§ To do
Copy the data exactly. Images are the one exception.
Start of Dataset entries
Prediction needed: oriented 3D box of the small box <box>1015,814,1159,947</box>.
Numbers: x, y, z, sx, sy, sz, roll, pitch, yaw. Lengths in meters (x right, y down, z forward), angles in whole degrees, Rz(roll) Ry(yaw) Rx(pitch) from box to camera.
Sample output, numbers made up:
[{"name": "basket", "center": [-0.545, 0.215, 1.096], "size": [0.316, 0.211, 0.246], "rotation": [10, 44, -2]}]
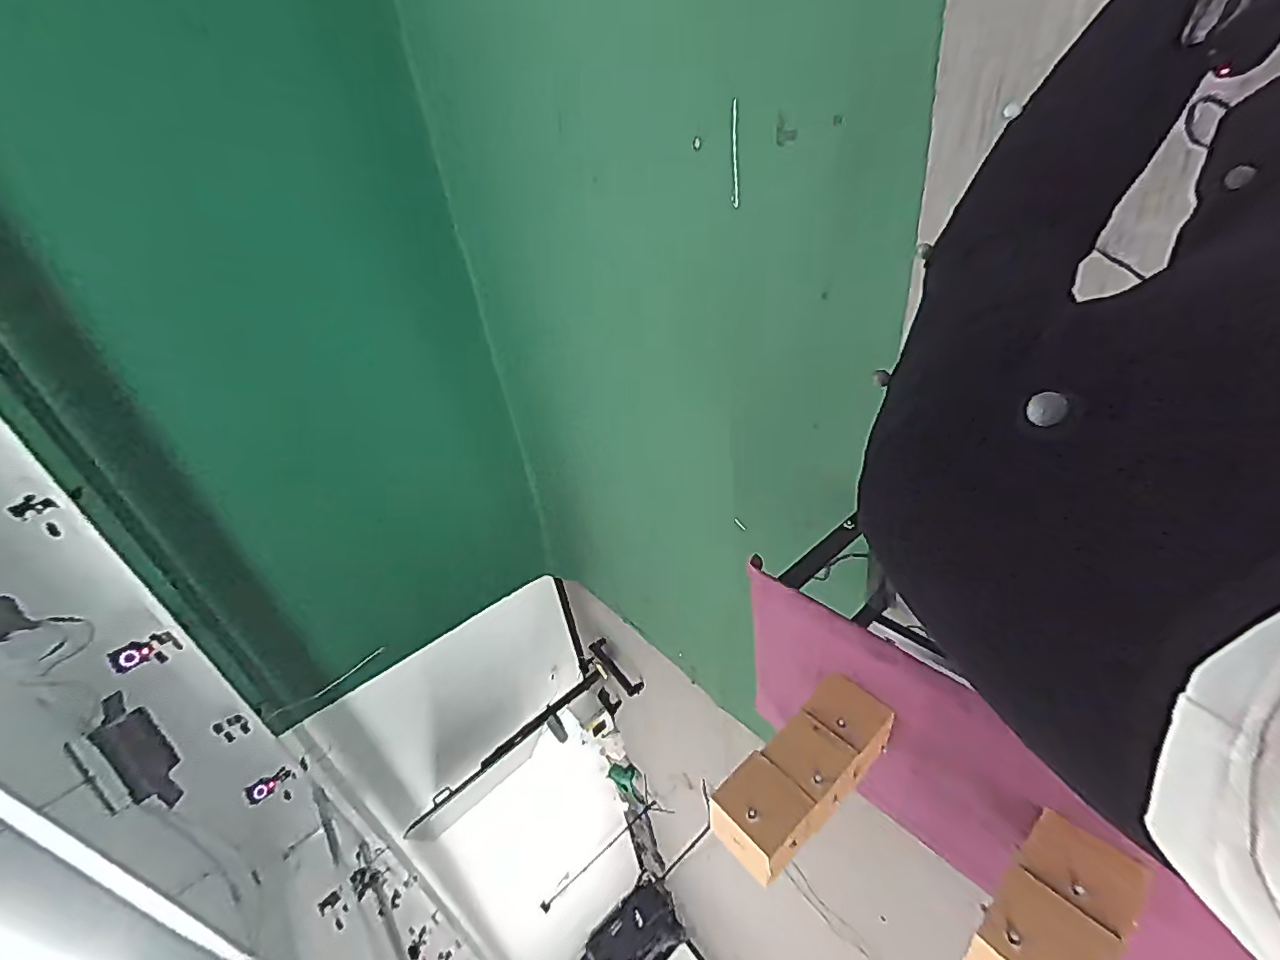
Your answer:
[{"name": "small box", "center": [0.867, 0.804, 1.067], "size": [0.179, 0.176, 0.168], "rotation": [24, 135, 45]}]

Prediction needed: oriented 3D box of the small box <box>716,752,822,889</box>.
[{"name": "small box", "center": [0.296, 0.777, 1.247], "size": [0.179, 0.176, 0.168], "rotation": [31, 139, 40]}]

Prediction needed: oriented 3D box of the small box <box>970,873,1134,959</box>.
[{"name": "small box", "center": [0.738, 0.862, 0.979], "size": [0.179, 0.176, 0.168], "rotation": [26, 136, 44]}]

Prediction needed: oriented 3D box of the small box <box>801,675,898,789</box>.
[{"name": "small box", "center": [0.547, 0.650, 1.416], "size": [0.179, 0.176, 0.168], "rotation": [30, 139, 42]}]
End of Dataset entries
§ Exercise answer
Prediction needed: oriented 3D box of the small box <box>1015,814,1159,947</box>.
Numbers: x, y, z, sx, sy, sz, roll, pitch, yaw. Lengths in meters (x right, y down, z forward), angles in whole degrees, Rz(roll) Ry(yaw) Rx(pitch) from box to camera.
Sample output, numbers made up:
[{"name": "basket", "center": [-0.545, 0.215, 1.096], "size": [0.316, 0.211, 0.246], "rotation": [10, 44, -2]}]
Your answer:
[{"name": "small box", "center": [0.867, 0.804, 1.067], "size": [0.179, 0.176, 0.168], "rotation": [24, 135, 45]}]

Prediction needed: oriented 3D box of the small box <box>716,752,822,889</box>.
[{"name": "small box", "center": [0.296, 0.777, 1.247], "size": [0.179, 0.176, 0.168], "rotation": [31, 139, 40]}]

Prediction needed: oriented 3D box of the small box <box>970,873,1134,959</box>.
[{"name": "small box", "center": [0.738, 0.862, 0.979], "size": [0.179, 0.176, 0.168], "rotation": [26, 136, 44]}]

Prediction needed: oriented 3D box of the small box <box>801,675,898,789</box>.
[{"name": "small box", "center": [0.547, 0.650, 1.416], "size": [0.179, 0.176, 0.168], "rotation": [30, 139, 42]}]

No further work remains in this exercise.